Philip Ziegler

A painless lesson in political history

issue 06 October 2012

This book is not a history, explains Ruth Winstone, who has edited this collection of excerpts from diaries published between 1921 and 2011. It is, she says, ‘an impressionist view of politically changing times’. It is, indeed, a patchwork quilt of a book, no two pieces precisely meshing with each other yet providing in total a remarkably clear and coherent portrait of 90 stressful years.

It is ‘a political diary’, but Winstone admits that the definition of ‘political’ became more and more elastic as the book took shape. It is all the better for it. Some of the most enjoyable passages have only a tenuous link with the world of public affairs but it would have been sad to lose Virginia Woolf on Ulysses — ‘an illiterate under-bred book’ she thought it, which left her ‘puzzled, bored, irritated and disillusioned as by a queasy undergraduate scratching his pimples’.

Or Noel Coward dismissing Waiting for Godot as

pretentious gibberish. It is nothing but phoney surrealism. It has no form, no basic philosophy and absolutely no lucidity.

Or Evelyn Waugh at a party

where we found some very odd painters quite drunk and rather naked. The party was given in honour of a negro who is acting in a play called Emperor Jones but he had a fit in his dressing-room.

The majority of the entries, however, relate to the political state of the nation. Most of the diarists are insiders — powerful figures like Dalton, Macmillan or Gaitskell, or the people who keep the machinery of government running like Jock Colville, Cadogan or Bernard Donoghue.

Inevitably, such people are better informed than the outsiders, but it is often the outsiders who provide the most interesting comments. Nella Last, the housewife who made so notable a contribution to the records of Mass Observation, offers shrewd common sense, while Beatrice Webb (not that she would have considered herself an outsider) provokes endless wonder that a woman of such intelligence should have been so gullible when it came to Communism:

The salient and distinctive feature of Soviet Russia [ she wrote in 1922] is the establishment of a Spiritual Power over and above the ostensible government. This new social order … alone among states, is increasing the material resources and improving the health and education of its people.

On the whole it is the more wrong-headed of the diarists who are the most fun to read. Alan Clark is almost always outrageous yet compulsively enjoyable:

Filled with loathing of the electorate. Those filthy [train] carriages on the trip down yesterday … is the nation completely rotten? Yes, and has been since 1916.

Barbara Castle is marginally less absurd, but her views on the channel tunnel are, to say the least, idiosyncratic. She had, she wrote,

a kind of earthly feeling that an island is an island and should not be violated. Certainly I am convinced that the building of a tunnel would do something profound to the national attitude.

One of the more rewarding features of reading diaries is to find oneself confronting as a novelty something which is now taken for granted. Harold Nicolson in 1939 first saw television. ‘Compared with a film,’ he wrote,

it is a bleary, flickering, dim, unfocused, interruptible thing. But as an invention it is tremendous and may alter the whole basis of democracy.

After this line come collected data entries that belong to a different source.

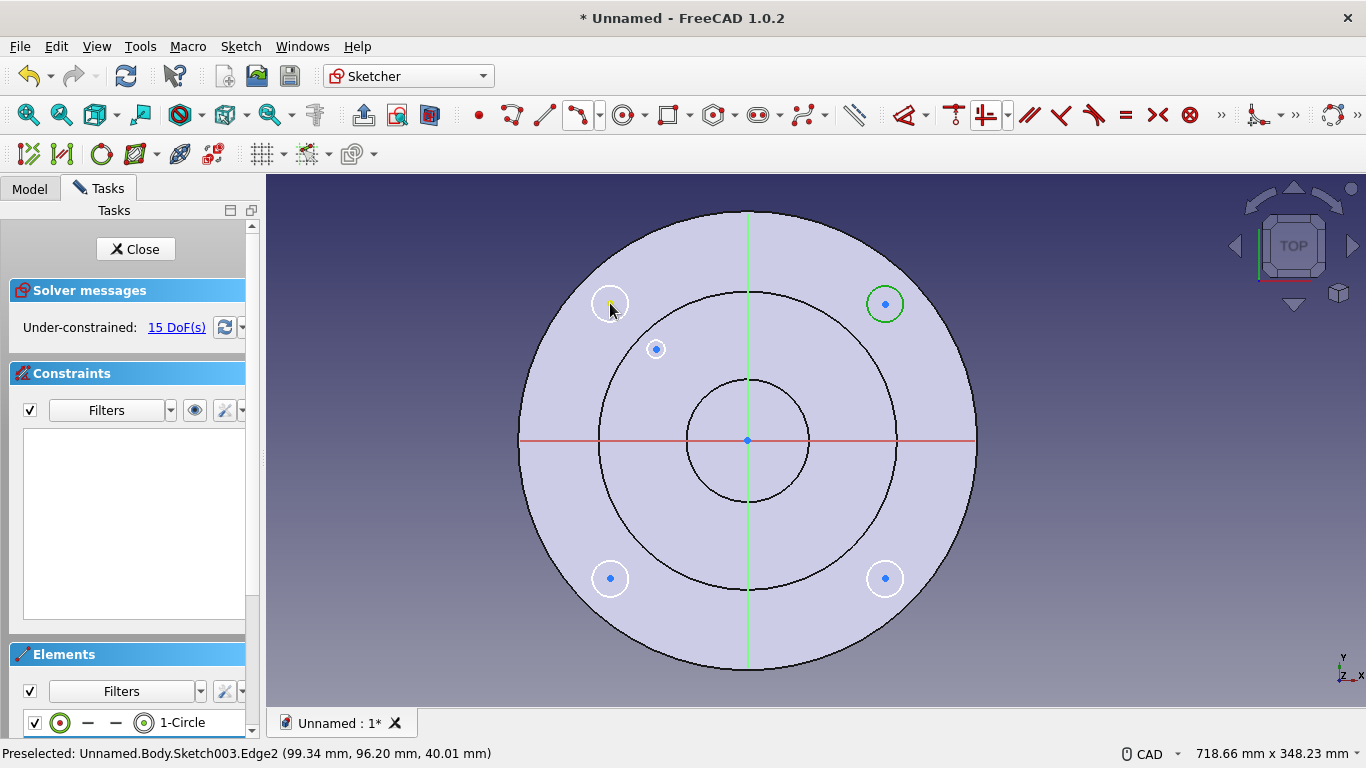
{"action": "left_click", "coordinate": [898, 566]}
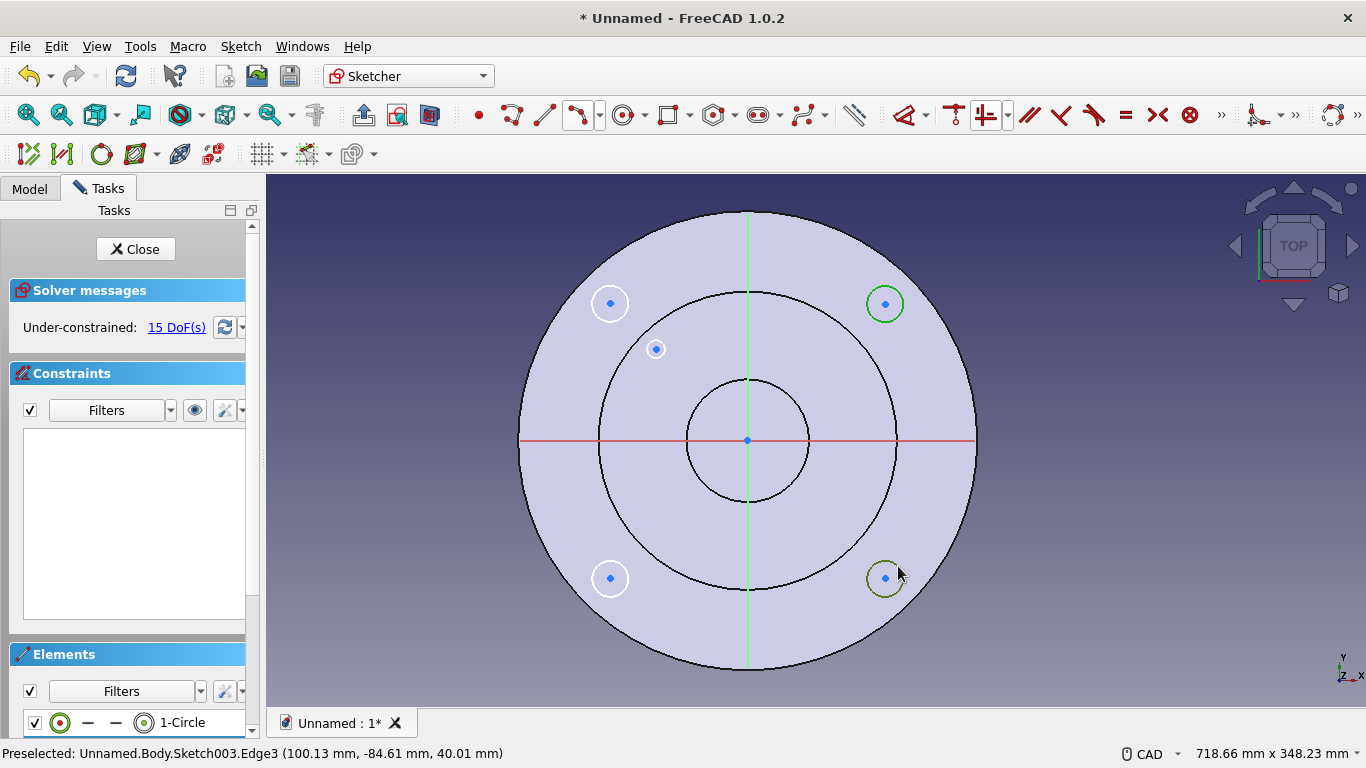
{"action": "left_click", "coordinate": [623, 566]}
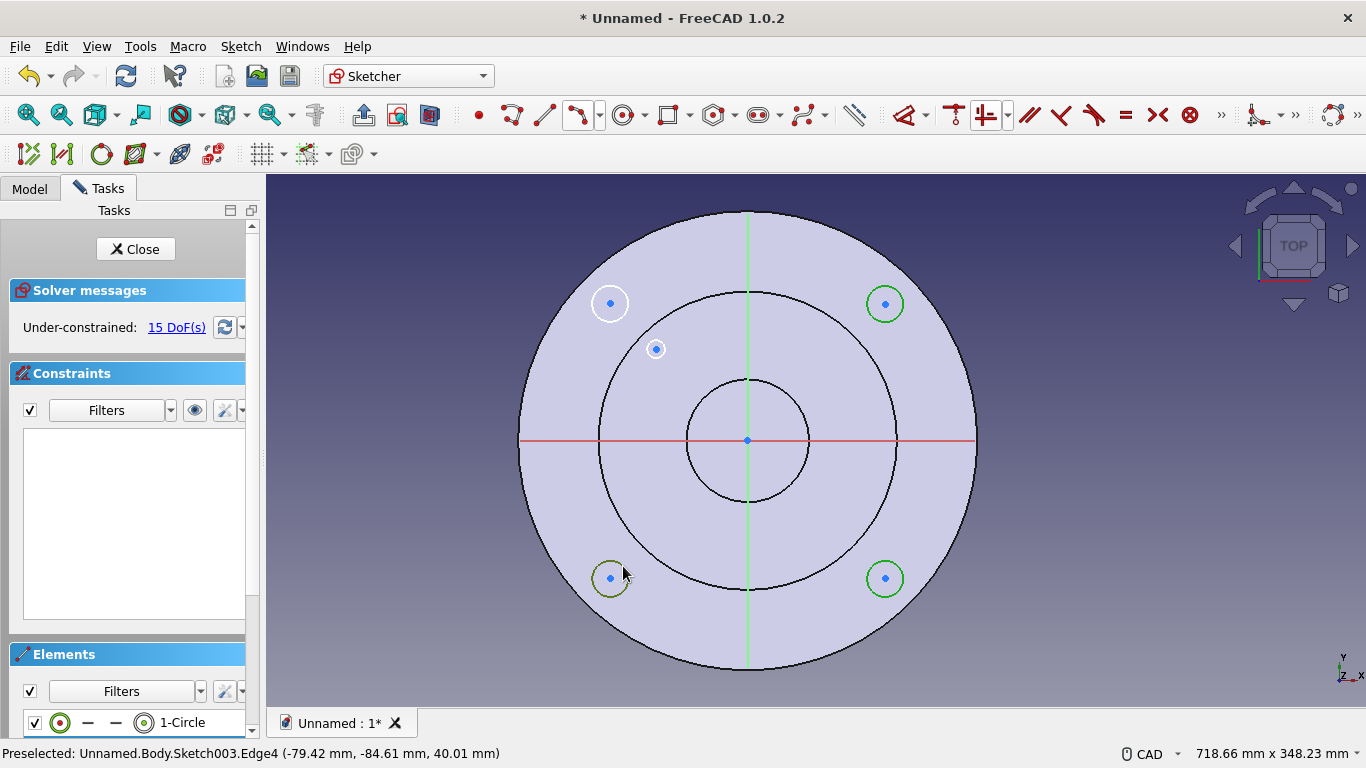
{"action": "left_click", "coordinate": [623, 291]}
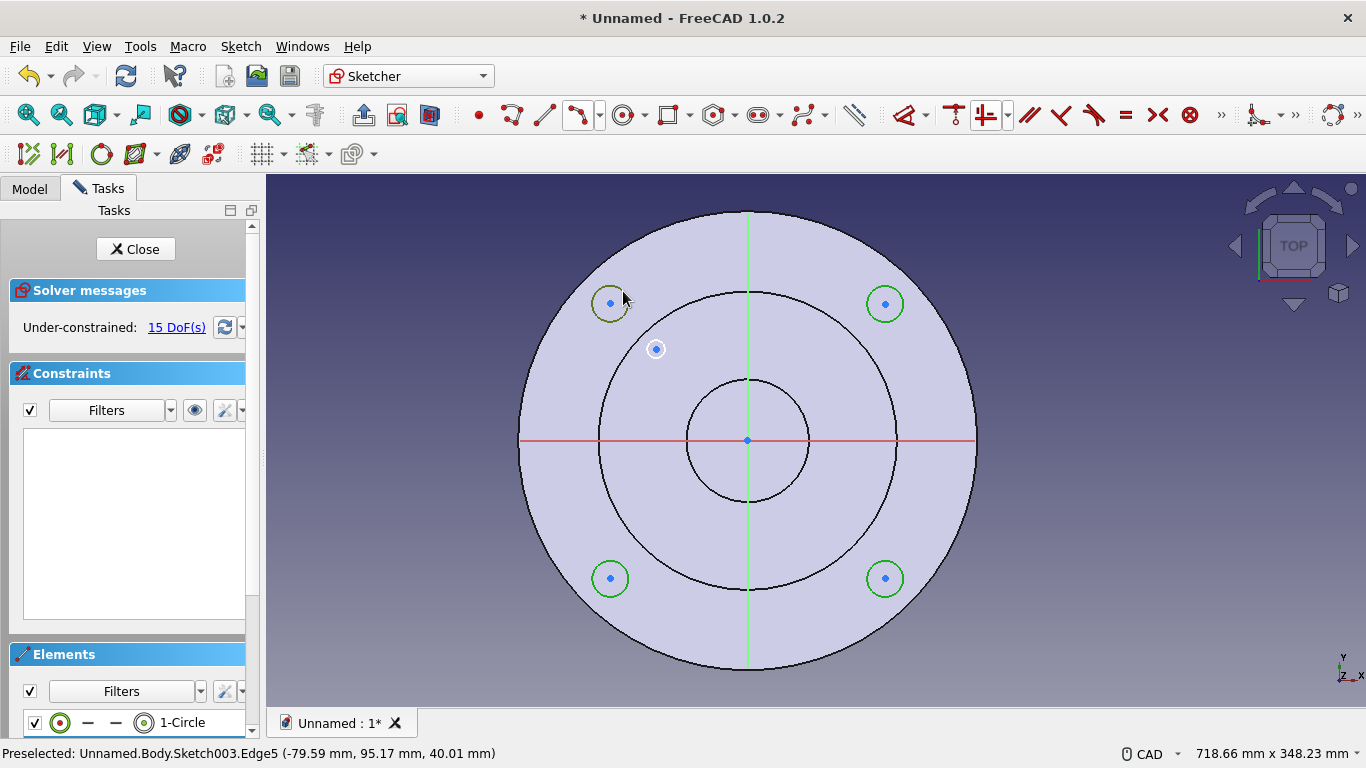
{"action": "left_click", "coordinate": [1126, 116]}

Macmillan in 1962 reads with alarm a medical report on the dangers of smoking:  ‘This puts us in rather a fix. For how are we to get £800m indirect revenue from any other source?’ Tony Benn in 1976 records a Cabinet discussion of the Falkland Islands:

There was possibly some oil there and we couldn’t hold the islands against an attack. He [Callaghan] had two suggestions, one of which was to … let sovereignty pass to the Argentinians and lease the islands back.

Nicolson would have felt justified by subsequent events: Benn and Macmillan would probably have felt that they might have put it differently. It is greatly to the credit of the diarists or their heirs that they felt no need to conceal their blunders or misjudgments from the critical eye of posterity.

Most readers will have a favourite diary entry which they will wish Winstone had included. Though Chips Channon appears often, I miss his description of hearing Edward VIII’s abdication speech. He was at a dinner party and everything stopped while the company listened to the King’s ‘manly, sincere farewell’. Then: ‘There was a stillness in the Stanleys’ room.  I wept, and I murmured a prayer for he who had once been King Edward VIII. Then we played bridge.’  Rarely can a sentence more neatly have encapsulated a national mood. Britain too shed a cursory tear and then it was back to the bridge table.

One can’t get everything in, though. Winstone — best known for her masterly editing of the diaries of Tony Benn — has done a remarkable job of selection. Almost every page contains something unmissable; and the book as a whole provides a painless introduction to almost a century of British history.